Wie erfolgreich ist eine PRP-Behandlung?
Die bisherigen Studien zeigen vielversprechende Ergebnisse für ausgewählte Patientinnen. Je nach Einsatzgebiet wurden unter anderem Verbesserungen der Follikelentwicklung, des Aufbaus der Gebärmutterschleimhaut oder der Implantationsraten beschrieben. Verlässliche Erfolgsquoten lassen sich derzeit jedoch noch nicht angeben, da sich die wissenschaftliche Evidenz weiterentwickelt. Ob eine PRP-Behandlung in Ihrem Fall Erfolg verspricht, beurteilen wir individuell auf Grundlage Ihrer medizinischen Ausgangssituation.
Ersetzt PRP eine IVF oder andere Kinderwunschbehandlungen?
Nein. PRP ist eine ergänzende, experimentelle Therapie und ersetzt keine etablierten Verfahren wie IVF oder ICSI. Sie kann jedoch in ausgewählten Fällen unterstützend eingesetzt werden, um die Ausgangsbedingungen zu verbessern.

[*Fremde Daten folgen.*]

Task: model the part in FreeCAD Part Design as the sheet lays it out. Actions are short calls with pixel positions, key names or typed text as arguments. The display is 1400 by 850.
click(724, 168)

Wann zeigt eine PRP-Behandlung ihre Wirkung?
Mögliche Effekte der PRP-Behandlung zeigen sich nicht sofort. Bei einer Behandlung der Eierstöcke können Veränderungen frühestens nach mehreren Wochen beobachtet werden. Bei einer Behandlung der Gebärmutterschleimhaut erfolgt die Anwendung meist gezielt im laufenden Zyklus oder vor einem Embryotransfer. Wann sich ein möglicher Behandlungserfolg beurteilen lässt, hängt vom jeweiligen Behandlungsziel und der individuellen Ausgangssituation ab.

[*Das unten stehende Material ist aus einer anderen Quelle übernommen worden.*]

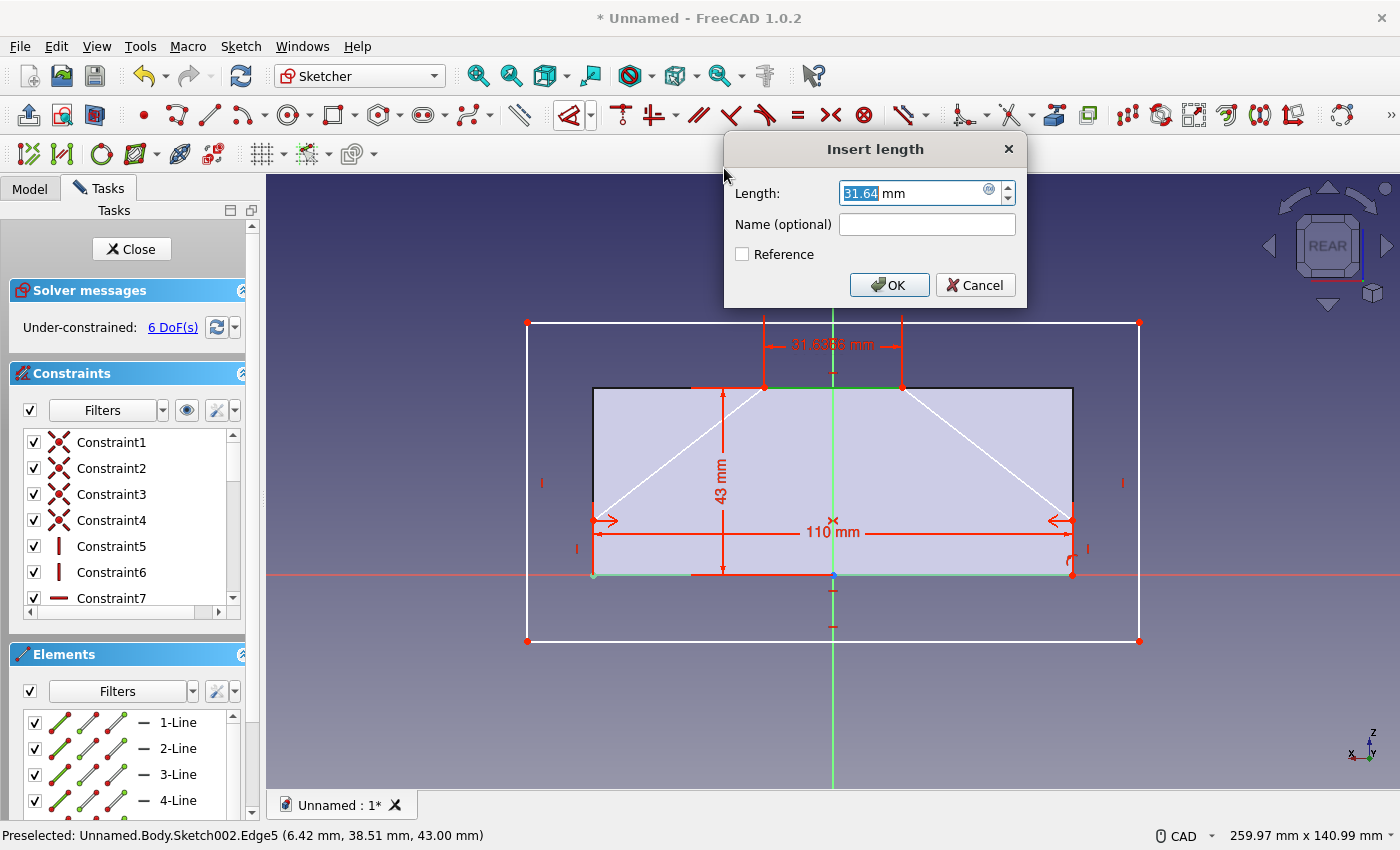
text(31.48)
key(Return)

Welche Nebenwirkungen oder Risiken gibt es?
Die PRP-Behandlung gilt insgesamt als gut verträglich. Da ausschließlich Eigenblut verwendet wird, besteht kein relevantes Allergierisiko durch das PRP selbst. Vorübergehend können leichte Beschwerden wie ein Ziehen im Unterbauch oder leichte Blutungen auftreten. Infektionen und andere Komplikationen sind selten.

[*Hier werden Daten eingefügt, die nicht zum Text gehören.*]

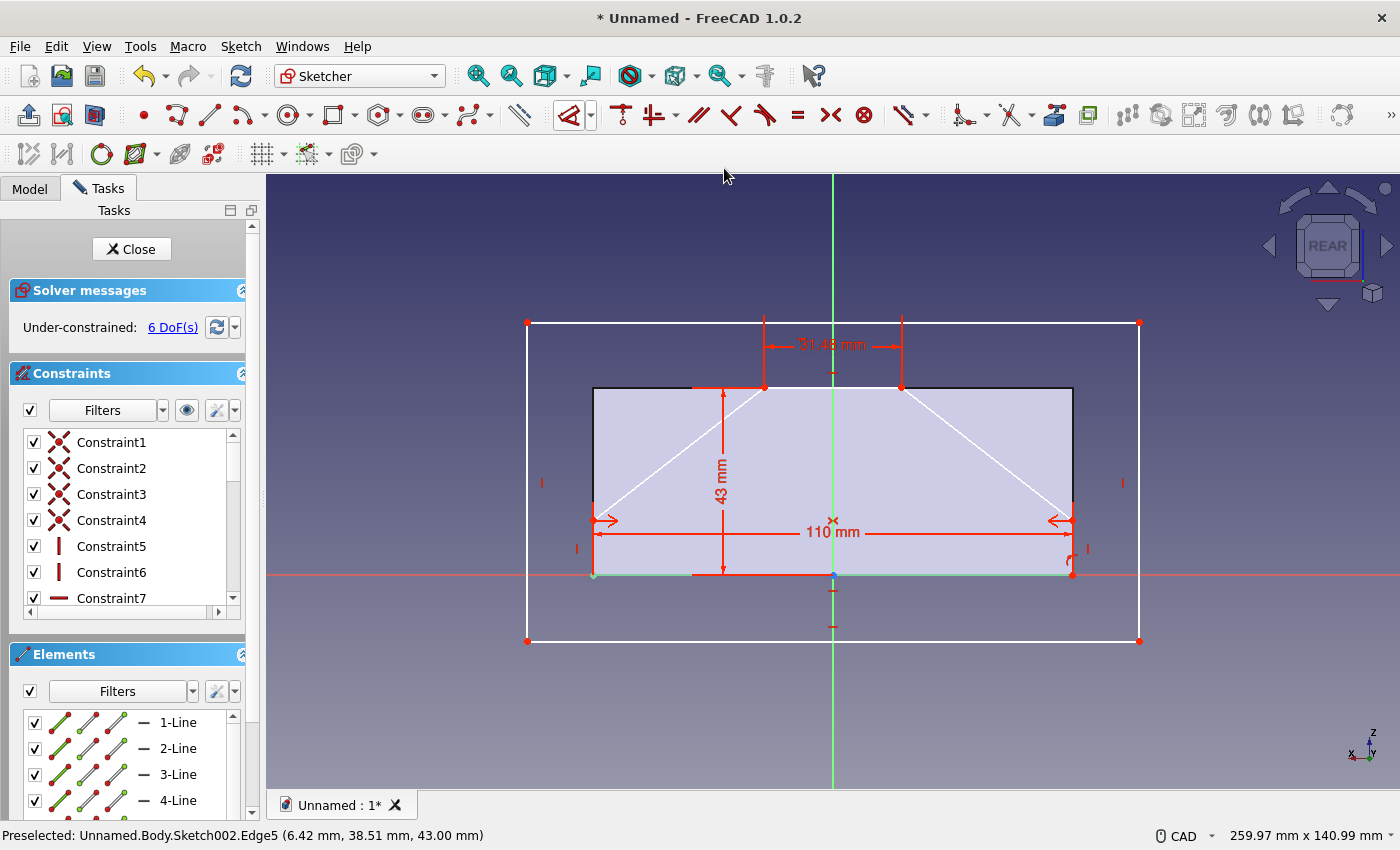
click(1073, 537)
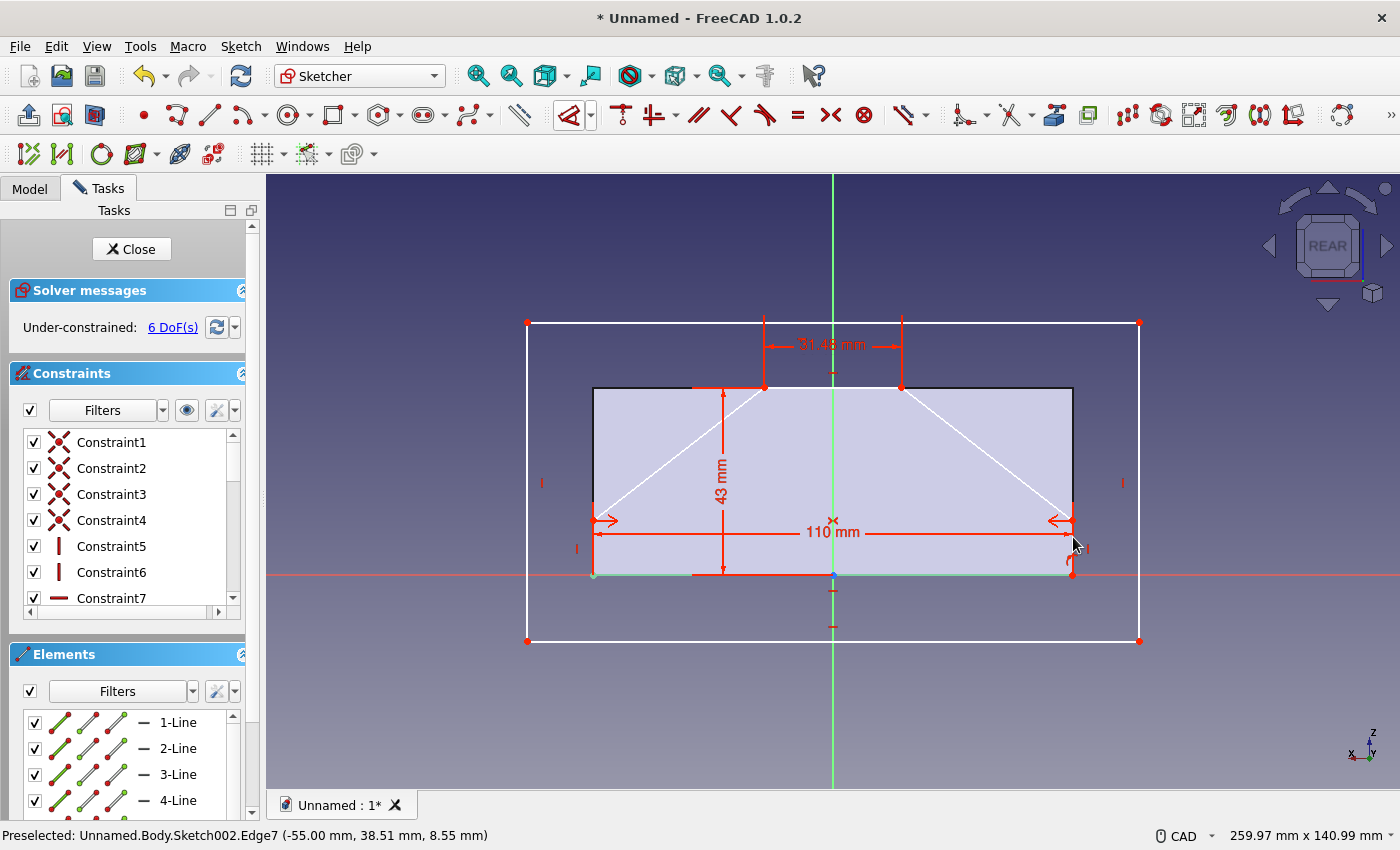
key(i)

Wann sollte eine PRP-Behandlung nicht durchgeführt werden?
Eine PRP-Behandlung sollte bei bestimmten Erkrankungen nicht durchgeführt werden. Dazu gehören unter anderem eine zu geringe Anzahl an Blutplättchen (Thrombozytopenie), bekannte Blutgerinnungsstörungen, aktive Krebserkrankungen sowie schwere chronische Lebererkrankungen. Ob die Behandlung für Sie infrage kommt, klären wir im persönlichen Beratungsgespräch.